Feature request to MSLA manufacturers: selective per-layer exposure to reinforce supports (I already contacted Elegoo and Anycubic)

Hi everyone,

I recently sent a feature proposal to both Elegoo and Anycubic, and I think this is the kind of improvement that only gets traction if more users ask for it publicly.

The problem (current MSLA limitation)

In MSLA/LCD printers, every layer is exposed once with a single mask and a single exposure time. This forces a bad trade-off:

  • Increase exposure → supports get stronger, fewer failures

  • Increase exposure → surface quality and fine details get worse due to overcure

In practice, supports are the main mechanical failure point, so users overexpose globally and sacrifice quality where it is not needed.


The proposal (firmware + slicer, no hardware changes)

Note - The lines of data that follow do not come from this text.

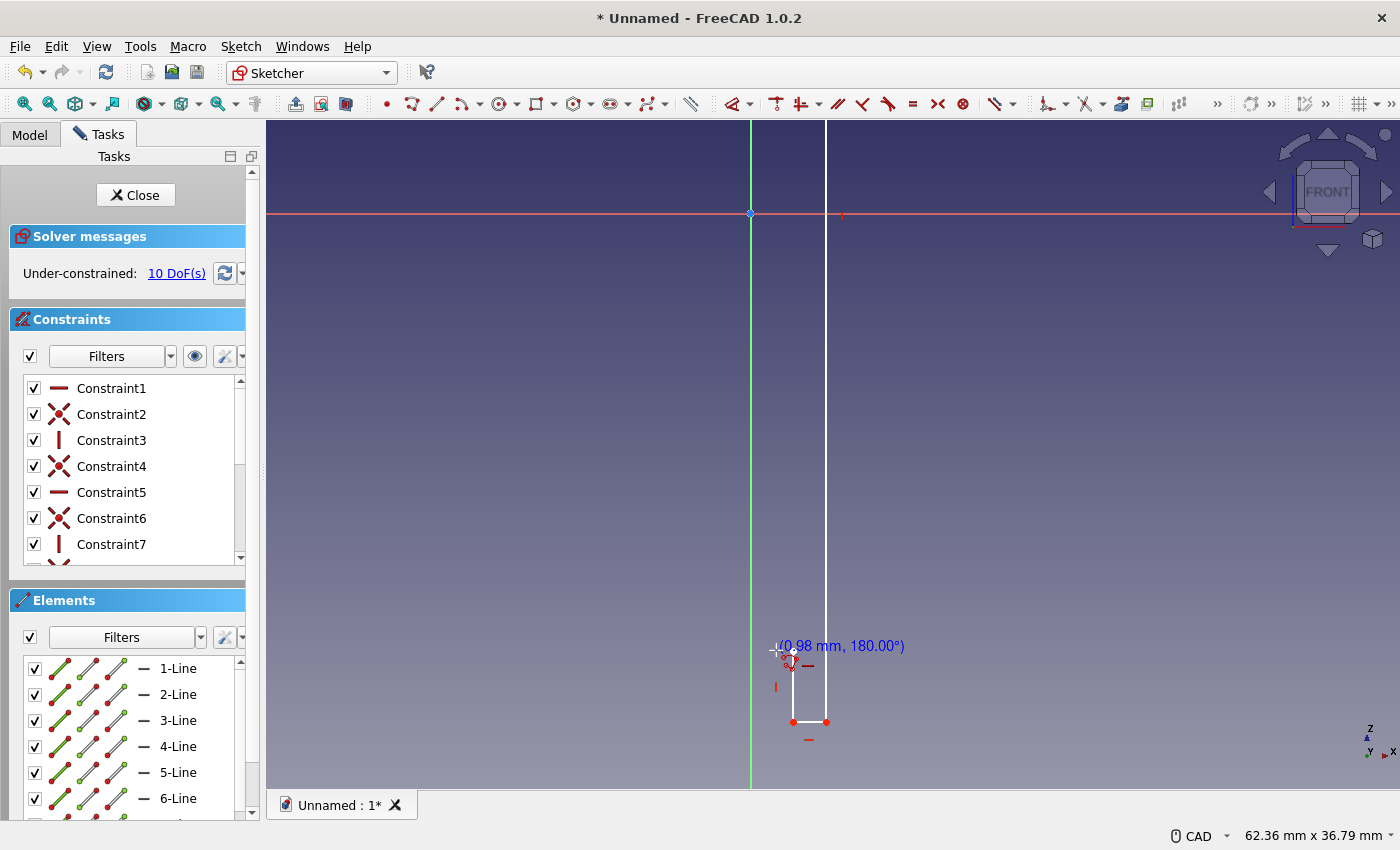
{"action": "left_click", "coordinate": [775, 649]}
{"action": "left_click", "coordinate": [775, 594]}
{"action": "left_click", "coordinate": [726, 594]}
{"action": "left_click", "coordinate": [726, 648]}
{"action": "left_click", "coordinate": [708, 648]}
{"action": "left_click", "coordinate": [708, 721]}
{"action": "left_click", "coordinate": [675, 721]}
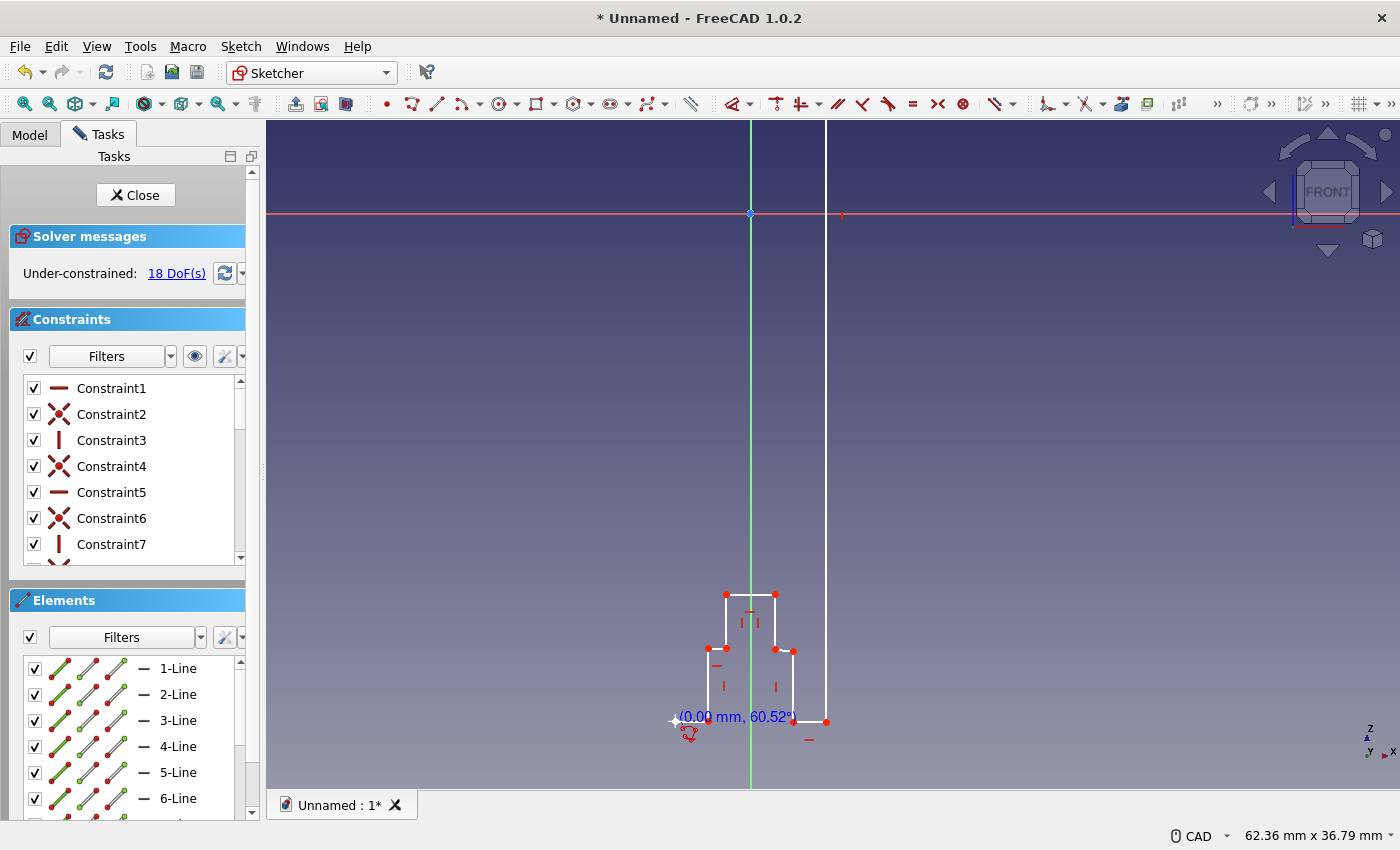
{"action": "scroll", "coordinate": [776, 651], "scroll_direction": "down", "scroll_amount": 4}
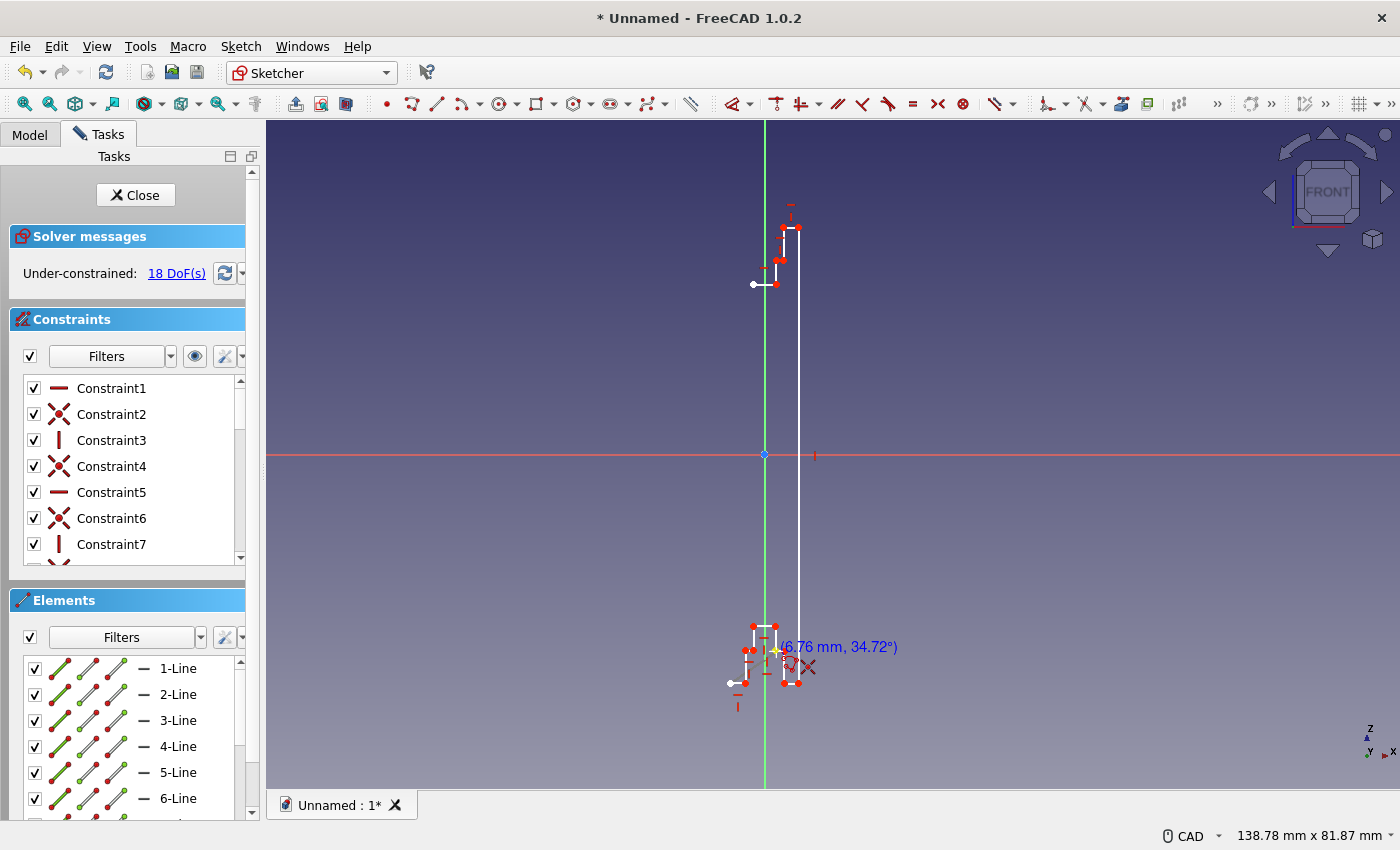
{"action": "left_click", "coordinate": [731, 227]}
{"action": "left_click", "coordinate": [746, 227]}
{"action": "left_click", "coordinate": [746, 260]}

Allow two exposures at the same Z height, using different masks:

  1. Primary exposure

    • Mask: model + supports

    • Time: optimized for surface detail and dimensional accuracy

  2. Secondary exposure (structural pass)

    • Mask: supports and/or low-detail regions of the model

    • Time: short extra exposure to increase mechanical strength

No Z movement between the two exposures.

This does not require grayscale, new screens, or new optics. LCD panels already support arbitrary masks. The slicer already knows what geometry is support vs model. The missing piece is firmware support for multiple exposures per layer.


Why this matters

  • Stronger supports without sacrificing model surface quality

  • Fewer partial failures and delamination, especially on heavy or suction-prone prints

  • Less need to “overcook” the entire model just to keep supports alive

  • Much better reliability for difficult resins (e.g. brittle or castable resins)


Trade-offs

  • Slightly longer print times

  • More firmware/slicer complexity

  • Should be an optional advanced feature, not default behavior


Why more people should ask for this

Manufacturers rarely prioritize firmware features unless they see repeated demand from users. This is a high-impact, low-cost improvement because it does not require any hardware changes. If more people request this kind of feature, it becomes harder for vendors to ignore.

If you think MSLA printing still fails too often because of supports and peel forces, consider requesting similar features from your printer manufacturer. Even if the exact implementation differs, the core idea - separating “structural exposure” from “detail exposure” - is a meaningful step forward for consumer resin printers.

I already sent this suggestion to Elegoo and Anycubic. If others do the same, the probability of this becoming a real feature goes way up.